The Patriot Act is hurting the American internet business:
Engineers who help run the Internet said that it would have been impossible for the United States to maintain its hegemony over the long run because of the very nature of the Internet; it has no central point of control.
And now, the balance of power is shifting. Data is increasingly flowing around the United States, which may have intelligence — and conceivably military — consequences.
Hmm why would the military and intelligence agencies care about internet tubes?
Because yes they really do want to spy on you-- and the world.
More below...
Indeed, Internet industry executives and government officials have acknowledged that Internet traffic passing through the switching equipment of companies based in the United States has proved a distinct advantage for American intelligence agencies...
How does this work exactly? Gotta love those telecoms:
In December 2005, The New York Times reported that the National Security Agency had established a program with the cooperation of American telecommunications firms that included the interception of foreign Internet communications.....

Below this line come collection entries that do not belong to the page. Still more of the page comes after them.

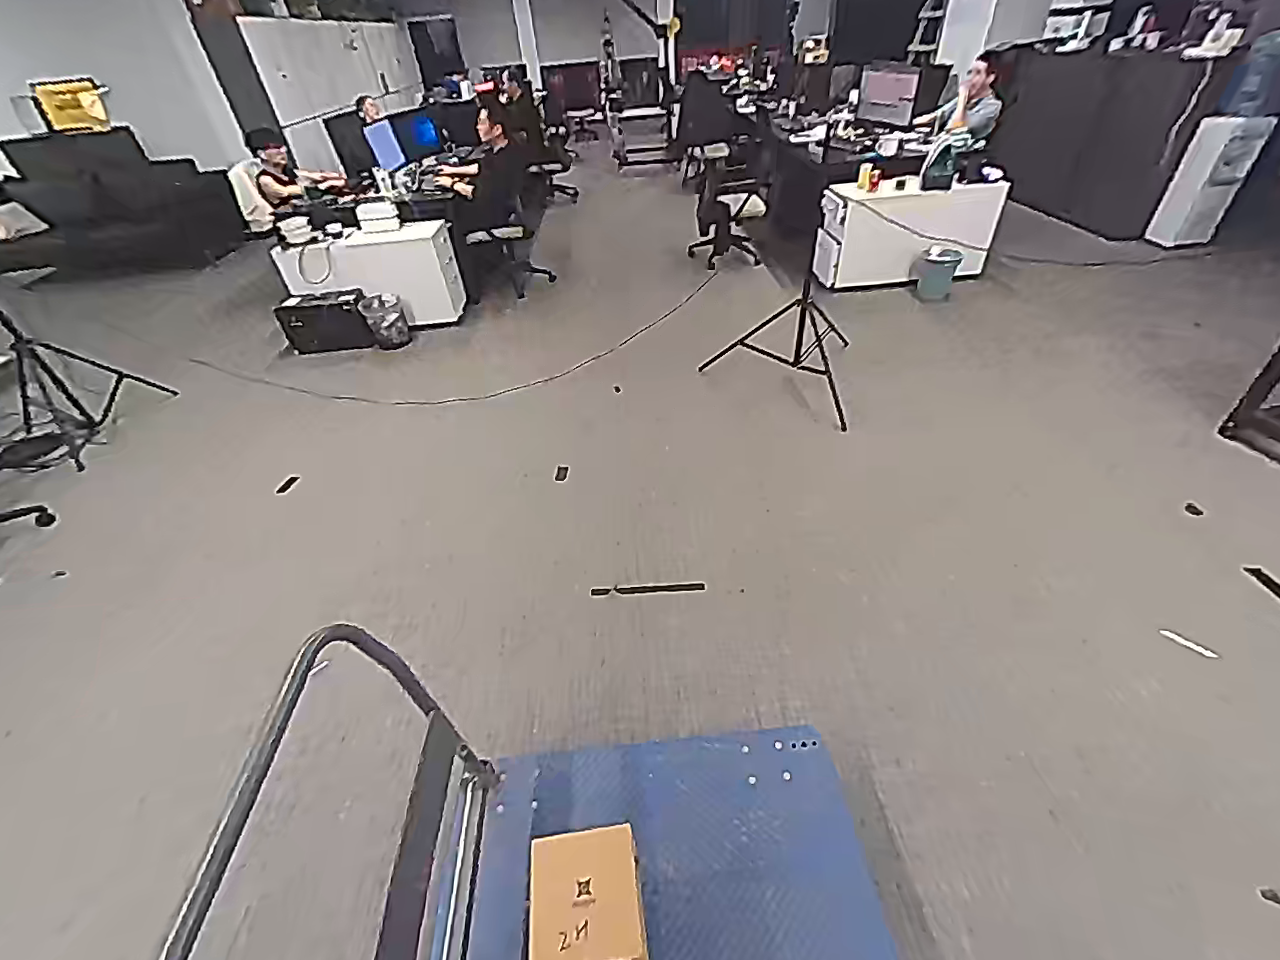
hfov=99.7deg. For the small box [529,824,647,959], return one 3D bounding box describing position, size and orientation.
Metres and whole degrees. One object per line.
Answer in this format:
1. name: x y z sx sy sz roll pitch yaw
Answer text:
1. small box: -0.081 0.694 0.873 0.168 0.176 0.179 -8 41 -3

"Since passage of the Patriot Act, many companies based outside of the United States have been reluctant to store client information in the U.S.," said Marc Rotenberg, executive director of the Electronic Privacy Information Center in Washington. "There is an ongoing concern that U.S. intelligence agencies will gather this information without legal process. There is particular sensitivity about access to financial information as well as communications and Internet traffic that goes through U.S. switches."

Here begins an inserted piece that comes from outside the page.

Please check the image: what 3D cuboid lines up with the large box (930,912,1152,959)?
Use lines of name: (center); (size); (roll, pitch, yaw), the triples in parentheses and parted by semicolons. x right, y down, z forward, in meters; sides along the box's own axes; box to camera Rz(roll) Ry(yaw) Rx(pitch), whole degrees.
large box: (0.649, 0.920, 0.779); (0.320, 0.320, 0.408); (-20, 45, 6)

Granted, there are other factors involved, like economics, and the dot com bust, but I think this is a clear case of the Patriot Act hurting economic interests, and clear case that our War on Terror is sparking a concrete backlash against us. If other countries don't trust us with this infratructure, they will build it themselves. And they don't trust us.
So when people say let the government spy, what does it matter? Tell them it is hurting us economically, and tell them other countries are treating us like Russia and China.
UPDATE
Thanks to Sharon Jumper for the reminder that I probably should mention that the internet was originally founded by the DOD
The Internet began as a Cold War project to create a communications network that was immune to a nuclear attack. In the 1969, the U.S. government created ARPANET, connecting four western universities and allowing researchers to use the mainframes of any of the networked institutions. New connections were soon added to the network, bringing the number of "nodes" up to 23 in 1971, 111 in 1977, and up to almost 4 million in 1994. As the size of the network grew so did its capabilities: In its first 25 years, the Internet added features such as file transfer, email, Usenet news, and eventually HTML. Now, new developments come to the Net one right after the other. It is this explosive growth in recent years that has captured the imagination of computer users the world over.